5.cat /calico/ipam/v2/assignment key and value in etcd:
![image](https://user-images.githubusercontent.com/24425476/232701961-f5034926-ede6-4181-a8c0-17f048e4c72f.png)

## Your Environment
<!--- Include as many relevant details about the environment you experienced the bug in -->
* Calico version v3.15.1 and latest v3.26.0-0.dev-403-gf8c46d4273ba
* Orchestrator version (e.g. kubernetes, mesos, rkt): v1.21.14
* Operating System and version: CentOS 7.6
* Link to your project (optional):
mgleung commented 1 year ago

Hey @lyyao09 , just for clarification, could I ask you to describe how you did this step from your reproduction steps?

2. Deploy calico and change default ipv6 podCIDR to 33:177:177::/112;

More specifically, I'm trying to understand how you changed the default IPv6 CIDR and what state the cluster was in before the change in default IPv6 CIDR.

lyyao09 commented 1 year ago

@mgleung , I'm sorry that I didn't describe it clearly.

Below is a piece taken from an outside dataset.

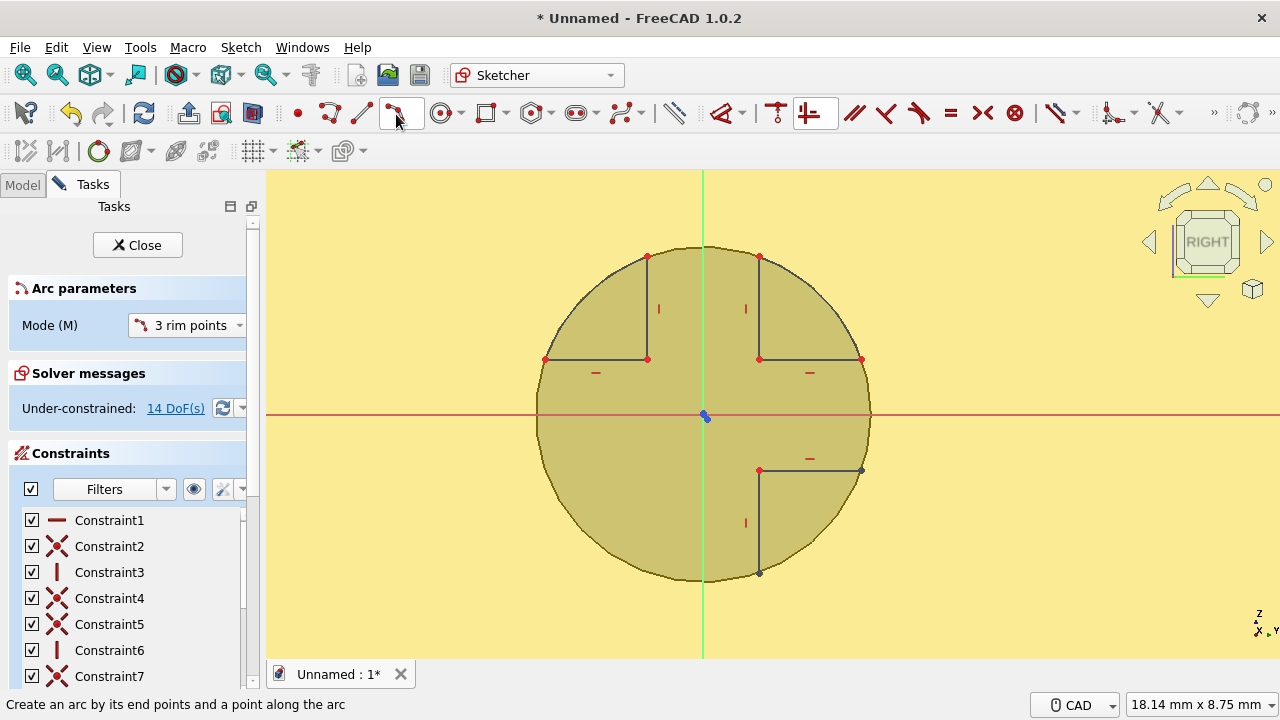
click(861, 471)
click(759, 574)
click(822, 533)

This step means that before deploying calico, change the CALICO_IPV6POOL_CIDR defined in calico-node yaml as below and then apply yaml:

cat calico-node.yaml
           ...
            - name: CALICO_IPV4POOL_CIDR
              value: "177.177.0.0/16"
            - name: CALICO_DISABLE_FILE_LOGGING
              value: "false"
            - name: FELIX_DEFAULTENDPOINTTOHOSTACTION
              value: "ACCEPT"
            - name: FELIX_IPV6SUPPORT
              value: "true"
            - name: CALICO_IPV6POOL_CIDR
              value: "33:177:177::/64"
            - name: CALICO_IPV6POOL_NAT_OUTGOING
              value: "true"
            - name: FELIX_LOGSEVERITYSCREEN
              value: "debug"
            - name: FELIX_HEALTHENABLED
              value: "true"
            - name: FELIX_IPTABLESBACKEND
              value: Auto
              ...
mgleung commented 1 year ago

@lyyao09 thanks for the clarification. Could I ask you to check if the default IPv6 pool is created properly in your cluster? There's something obviously wrong since you're seeing a panic, but I'm just trying to narrow the issue down.

lyyao09 commented 1 year ago

@mgleung yes, IPv6 pool is created properly.

[root@node2 calico]# calicoctl get ippool
NAME                  CIDR              SELECTOR
default-ipv4-ippool   177.177.0.0/16    all()
default-ipv6-ippool   33:177:177::/64   all()

From the value ipv0 of assignment in etcd, the implementation of block assignment thinks that 33:177:177::/64 is not a legal ipv6 address.

caseydavenport commented 3 months ago

I've been unable to reproduce this on modern versions of Calico, so assuming it has been fixed since.

lyyao09 commented 1 month ago

Yes, I also tested version v3.23.5 and it can be deployed successfully.